■ Records for the exercise:
========================================
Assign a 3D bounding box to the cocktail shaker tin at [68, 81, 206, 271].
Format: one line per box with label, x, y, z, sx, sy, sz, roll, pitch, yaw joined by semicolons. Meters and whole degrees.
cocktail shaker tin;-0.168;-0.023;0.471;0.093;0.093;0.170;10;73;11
========================================
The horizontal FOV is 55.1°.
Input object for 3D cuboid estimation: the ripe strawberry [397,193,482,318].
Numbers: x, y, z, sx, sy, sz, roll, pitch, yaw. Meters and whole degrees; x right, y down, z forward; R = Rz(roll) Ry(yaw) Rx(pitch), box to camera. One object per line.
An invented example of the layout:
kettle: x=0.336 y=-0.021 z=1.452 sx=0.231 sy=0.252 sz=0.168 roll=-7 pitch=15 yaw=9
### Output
========================================
■ Exercise goal: Collect each line above holding the string "object".

■ Task response:
Input object for 3D cuboid estimation: the ripe strawberry [397,193,482,318].
Numbers: x, y, z, sx, sy, sz, roll, pitch, yaw. Meters and whole degrees; x right, y down, z forward; R = Rz(roll) Ry(yaw) Rx(pitch), box to camera. One object per line.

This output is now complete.